#848: The Last War Dance

November 10th, 2017

Chicago’s last war dance started by the Wrigley Building, then headed west along the riverbank past Trump Tower, Marina City, and The 3D Printer Experience.

800 Potawatomi warriors danced through the Merchandise Mart, across the old walking bridge that predated the abandoned train track now permanently slung at attention, south past glass towers of law firms and global investment banks, stopping for special performances across the river from the Starbucks and east along Lake Street at the Franklin Self Park, Ronny’s Original Steakhouse at the Thompson Center, and the 7-Eleven at Dearborn.

All were entirely naked, except a strip of cloth around the loins. Their bodies were covered all over with a great variety of brilliant paints. On their faces, particularly, they seemed to have exhausted their art of hideous decoration. Foreheads, cheeks, and noses, were covered with curved stripes of red or vermilion, which were edged with black points, and gave the appearance of a horrid grin over the entire countenance. The long, coarse, black hair, was gathered into scalp-locks on the tops of their heads, and decorated with a profusion of hawk’s and eagle’s feathers, some strung together so as to extend down the back nearly to the ground.

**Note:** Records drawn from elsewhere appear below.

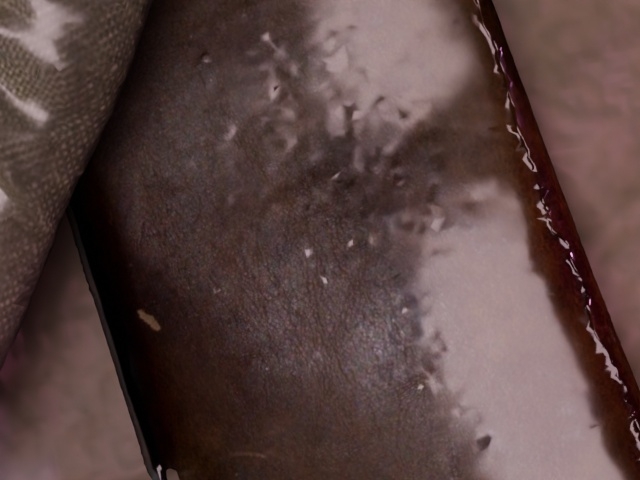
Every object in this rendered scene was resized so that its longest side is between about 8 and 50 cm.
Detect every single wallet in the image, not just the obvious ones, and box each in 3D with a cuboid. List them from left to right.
[{"bbox_3d":[0.000,0.000,0.522,0.137,0.031,0.255,-22,81,18],"label":"wallet"}]

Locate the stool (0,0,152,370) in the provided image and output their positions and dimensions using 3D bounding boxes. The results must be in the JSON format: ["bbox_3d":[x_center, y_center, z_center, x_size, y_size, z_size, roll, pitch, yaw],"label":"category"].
[{"bbox_3d":[-0.237,-0.042,0.473,0.310,0.226,0.310,25,97,16],"label":"stool"}]
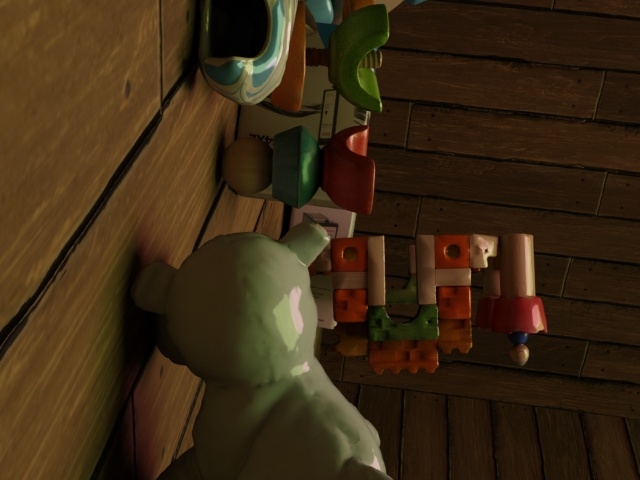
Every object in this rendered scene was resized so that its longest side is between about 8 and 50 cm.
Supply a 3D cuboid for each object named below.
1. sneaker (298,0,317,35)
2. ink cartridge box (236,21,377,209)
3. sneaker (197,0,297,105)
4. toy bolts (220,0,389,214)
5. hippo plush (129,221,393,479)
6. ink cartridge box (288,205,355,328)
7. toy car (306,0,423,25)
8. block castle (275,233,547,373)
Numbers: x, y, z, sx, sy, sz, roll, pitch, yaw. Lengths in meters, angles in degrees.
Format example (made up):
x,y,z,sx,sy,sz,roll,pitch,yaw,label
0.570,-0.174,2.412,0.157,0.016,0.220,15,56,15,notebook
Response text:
x,y,z,sx,sy,sz,roll,pitch,yaw,label
-0.033,-0.298,0.941,0.212,0.094,0.080,92,7,-53,sneaker
-0.016,-0.145,1.076,0.086,0.148,0.203,48,48,-87,ink cartridge box
-0.058,-0.235,0.780,0.086,0.085,0.237,49,44,-76,sneaker
-0.025,-0.149,0.949,0.218,0.159,0.228,-95,-174,-59,toy bolts
-0.071,0.122,0.690,0.236,0.234,0.294,67,-12,-1,hippo plush
0.000,0.000,1.789,0.211,0.122,0.289,-69,169,-79,ink cartridge box
0.022,-0.398,1.176,0.237,0.219,0.210,65,-9,-2,toy car
0.129,0.106,1.533,0.303,0.454,0.212,64,25,-86,block castle
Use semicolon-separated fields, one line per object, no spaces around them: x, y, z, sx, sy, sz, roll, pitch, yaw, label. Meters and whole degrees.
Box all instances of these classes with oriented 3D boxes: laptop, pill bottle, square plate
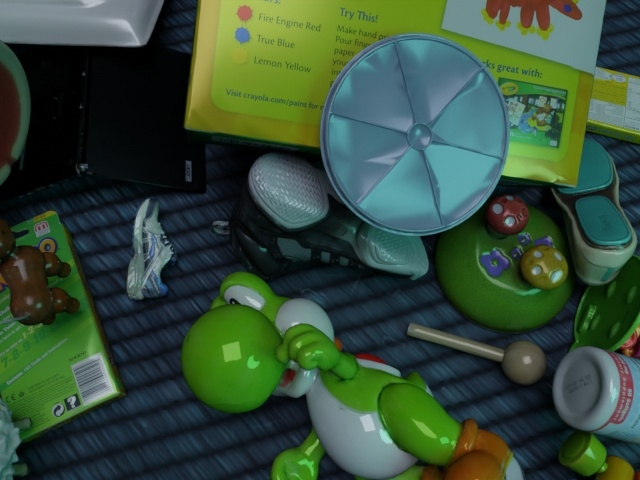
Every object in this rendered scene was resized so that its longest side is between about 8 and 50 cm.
-0.314;-0.161;0.805;0.264;0.136;0.235;-15;66;20;laptop
0.336;0.170;0.593;0.160;0.087;0.087;16;67;-13;pill bottle
-0.393;-0.409;0.838;0.343;0.049;0.347;2;53;1;square plate

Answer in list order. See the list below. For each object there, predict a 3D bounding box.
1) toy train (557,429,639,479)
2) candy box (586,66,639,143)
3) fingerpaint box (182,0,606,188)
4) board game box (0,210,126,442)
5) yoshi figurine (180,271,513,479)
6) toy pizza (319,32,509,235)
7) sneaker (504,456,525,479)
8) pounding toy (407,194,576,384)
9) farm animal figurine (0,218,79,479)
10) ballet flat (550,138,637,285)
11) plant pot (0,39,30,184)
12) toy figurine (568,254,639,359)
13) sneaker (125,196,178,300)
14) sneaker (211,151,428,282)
0.319;0.254;0.600;0.143;0.105;0.248;41;46;7;toy train
0.409;-0.209;0.838;0.205;0.027;0.105;16;71;5;candy box
0.087;-0.272;0.656;0.444;0.163;0.372;6;95;-12;fingerpaint box
-0.340;0.095;0.687;0.124;0.039;0.260;-24;73;-10;board game box
-0.006;0.174;0.584;0.362;0.203;0.204;36;81;19;yoshi figurine
0.096;-0.105;0.576;0.201;0.032;0.202;-1;97;-10;toy pizza
0.202;0.355;0.581;0.091;0.094;0.258;13;67;-22;sneaker
0.231;0.035;0.689;0.182;0.110;0.237;24;69;8;pounding toy
-0.453;0.096;0.590;0.330;0.172;0.327;2;75;12;farm animal figurine
0.346;-0.038;0.731;0.086;0.086;0.248;15;42;5;ballet flat
-0.486;-0.159;0.618;0.243;0.275;0.275;17;68;4;plant pot
0.400;0.127;0.668;0.159;0.130;0.173;25;91;-2;toy figurine
-0.211;0.012;0.724;0.058;0.052;0.135;4;75;-11;sneaker
0.000;0.000;0.705;0.268;0.153;0.101;26;45;-28;sneaker
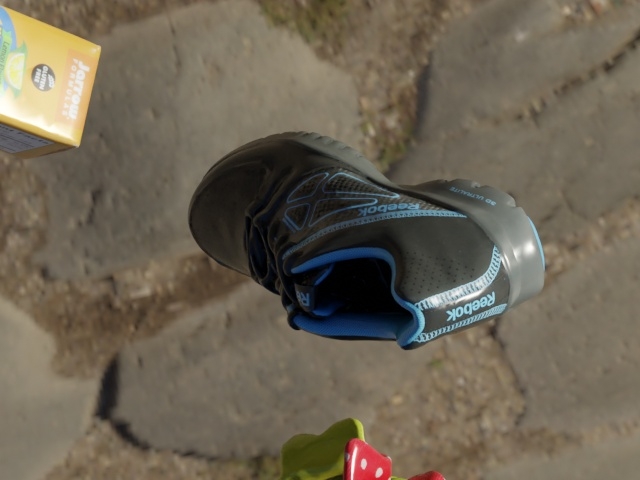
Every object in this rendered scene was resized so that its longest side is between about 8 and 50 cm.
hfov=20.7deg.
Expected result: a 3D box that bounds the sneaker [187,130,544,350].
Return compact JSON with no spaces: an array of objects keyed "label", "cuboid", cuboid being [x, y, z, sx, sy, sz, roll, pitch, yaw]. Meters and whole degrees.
[{"label":"sneaker","cuboid":[0.000,0.000,1.334,0.139,0.341,0.125,-30,117,-38]}]

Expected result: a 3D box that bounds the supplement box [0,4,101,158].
[{"label":"supplement box","cuboid":[-0.255,-0.122,1.084,0.233,0.078,0.080,19,164,-38]}]

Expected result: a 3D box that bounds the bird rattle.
[{"label":"bird rattle","cuboid":[0.031,0.261,1.449,0.143,0.253,0.207,23,95,-11]}]

Thus spaketh future Illinois Supreme Court Chief Justice John Dean Caton, who watched from the second floor of a hotel just north of what’s now an OK Starbucks along the river.

Not a great Starbucks. An OK one.

In August 1835, the Potawatomi left Illinois. The 1833 Treaty of Chicago, forged in lies and liquor, had given them two years to get the hell out of town.

Although a some individual Potawatomi joined Sauk leader Black Hawk’s uprising in 1832, the tribe en masse had kept out of the conflict, even sending a delegation to Chicago in May of that year to assure the Americans the Potawatomi were on their side. But two days after the delegation, a small band of Sauk crossed the Iowa-Illinois border into American territory and attacked a powerful U.S. detachment of 275 men under the command of Major Isaiah Stillman.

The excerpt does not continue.